◆ **Try it**
Copy nothing before the line containing "5. Cross-section at". Reproduce that line and all that follow, exactly, through the end of the records.

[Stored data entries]
# # # # # # #

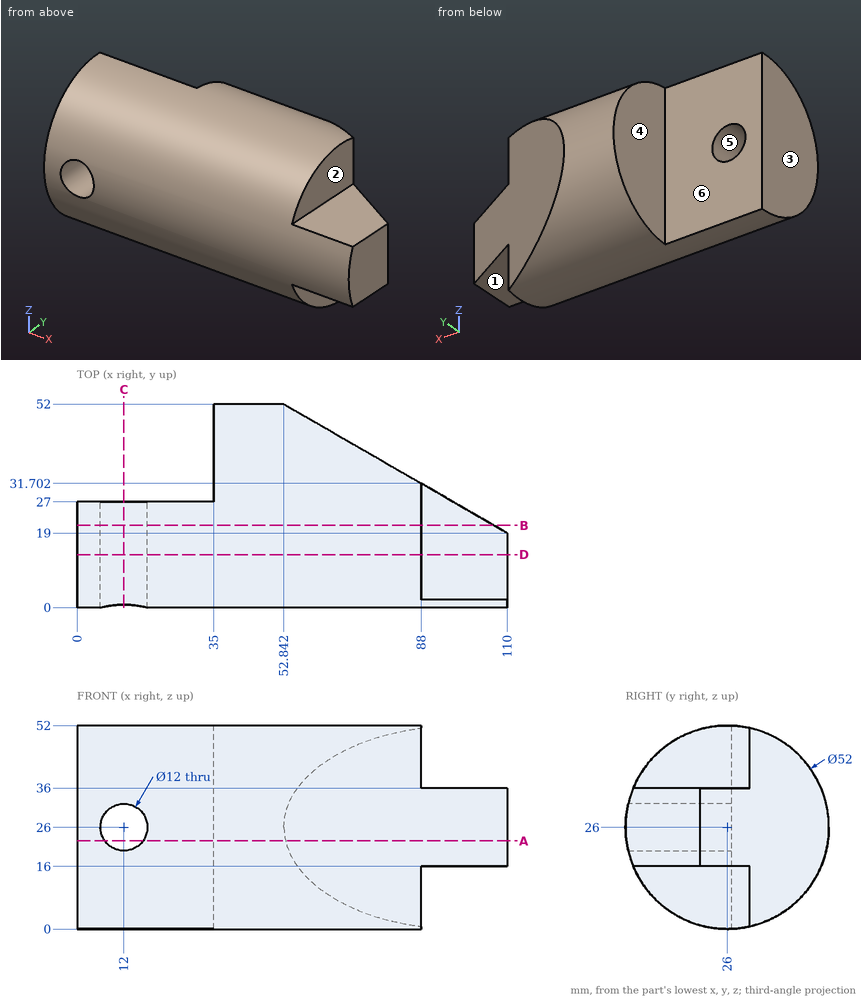
Check sheet for the drawn part. Datum: minimum x, y, z corner. Units: mm. A direction names the side the tool comes from. Round coordinates to 2 decimals unless told otherwise and drop trailing zeros. Write each loop counter-clockwise with the first axis right and the second up, starting at its lowest first coordinate (ties: lowest second). Pieces come first, ordered by that corner, then holes. Notation, with made-up numbers: (-27.5, 25.5) -> (6.5, 25.5) arc R28 ccw to (6.5, 58.5) -> close; hole circle Ø9 at (60.5, 83.5). An arc over 180 degrees is marked (long way). Write each question's results on one line, items separated by ' | '. Start each with the question number.
1. Cross-section at C-C (x = 12). Enter the section's corners in (y, z).
2. Draft check along X on the marked faces 4, 5 and 6. Enter one of: +X half, -X half, draft (parallel to the pull), parting line (faces both ways), or undercut.
3. Depth check by flat-ended pin: P1, Ø7.5, axis at y = 37.5, z = 33.5, coming from the -X side; P2, Ø3, axis at x = 87, y = 13.5, coming from the -Z side; P3, Ø11, axis at x = 98.5, y = 16.5, coming from the +Z side. Enter the tip coordinate at first touch or a pass-through.
4. Material ranges on probe 1 along Z at (x, y) = (94.5, 14.5); probe 2 along X at (y, z) = (23, 22.5) (1 decimal); probe 3 along X at (y, z) = (29, 38), recorded low to high. Write a range as from..to.
5. Cross-section at A-A (z = 22.5). Enter the section's corners in (x, y).
6. Set-up check for the marked faces 1, 2 and 3: record each of +Z, -Z, +X, -X, +Y, -Y from which the full face is reachable in a straight line by a thin tool's end or side.
7. Cross-section at B-B (y = 21). Enter the section's corners in (x, z) (1 decimal).
8. Cross-section at D-D (y = 13.5). Enter the section's corners in (x, z), then the cut area to 3 significant figures.
Solutions:
1) outline: (0.7, 20) arc R26 ccw to (27, 0.02) -> (27, 20) -> close; (0.7, 32) -> (27, 32) -> (27, 51.98) arc R26 ccw to start
2) face 4: -X half | face 5: undercut | face 6: draft
3) P1: stops at x = 35 | P2: stops at z = 2.44 | P3: stops at z = 36
4) probe 1: z = 16..36 | probe 2: x = 0..7.1, 16.9..103.1 | probe 3: x = 35..88
5) outline: (0, 0.24) -> (7.13, 0.24) -> (7.13, 27) -> (0, 27) -> close; (16.87, 0.24) -> (110, 0.24) -> (110, 19) -> (53.25, 51.76) -> (35, 51.76) -> (35, 27) -> (16.87, 27) -> close
6) face 1: -Z, +X, +Y, -Y | face 2: +Z, +X, +Y, -Y | face 3: +Z, -Z, -X, +Y, -Y
7) outline: (0, 0.5) -> (88, 0.5) -> (88, 16) -> (106.5, 16) -> (106.5, 36) -> (88, 36) -> (88, 51.5) -> (0, 51.5) -> close; hole circle Ø12 at (12, 26)
8) outline: (0, 3.2) -> (88, 3.2) -> (88, 16) -> (110, 16) -> (110, 36) -> (88, 36) -> (88, 48.8) -> (0, 48.8) -> close; hole circle Ø12 at (12, 26) | area: 4,340 mm2

# # # # # # #

◆ **Answer for the task**
5. Cross-section at A-A (z = 22.5). Enter the section's corners in (x, y).
6. Set-up check for the marked faces 1, 2 and 3: record each of +Z, -Z, +X, -X, +Y, -Y from which the full face is reachable in a straight line by a thin tool's end or side.
7. Cross-section at B-B (y = 21). Enter the section's corners in (x, z) (1 decimal).
8. Cross-section at D-D (y = 13.5). Enter the section's corners in (x, z), then the cut area to 3 significant figures.
Solutions:
1) outline: (0.7, 20) arc R26 ccw to (27, 0.02) -> (27, 20) -> close; (0.7, 32) -> (27, 32) -> (27, 51.98) arc R26 ccw to start
2) face 4: -X half | face 5: undercut | face 6: draft
3) P1: stops at x = 35 | P2: stops at z = 2.44 | P3: stops at z = 36
4) probe 1: z = 16..36 | probe 2: x = 0..7.1, 16.9..103.1 | probe 3: x = 35..88
5) outline: (0, 0.24) -> (7.13, 0.24) -> (7.13, 27) -> (0, 27) -> close; (16.87, 0.24) -> (110, 0.24) -> (110, 19) -> (53.25, 51.76) -> (35, 51.76) -> (35, 27) -> (16.87, 27) -> close
6) face 1: -Z, +X, +Y, -Y | face 2: +Z, +X, +Y, -Y | face 3: +Z, -Z, -X, +Y, -Y
7) outline: (0, 0.5) -> (88, 0.5) -> (88, 16) -> (106.5, 16) -> (106.5, 36) -> (88, 36) -> (88, 51.5) -> (0, 51.5) -> close; hole circle Ø12 at (12, 26)
8) outline: (0, 3.2) -> (88, 3.2) -> (88, 16) -> (110, 16) -> (110, 36) -> (88, 36) -> (88, 48.8) -> (0, 48.8) -> close; hole circle Ø12 at (12, 26) | area: 4,340 mm2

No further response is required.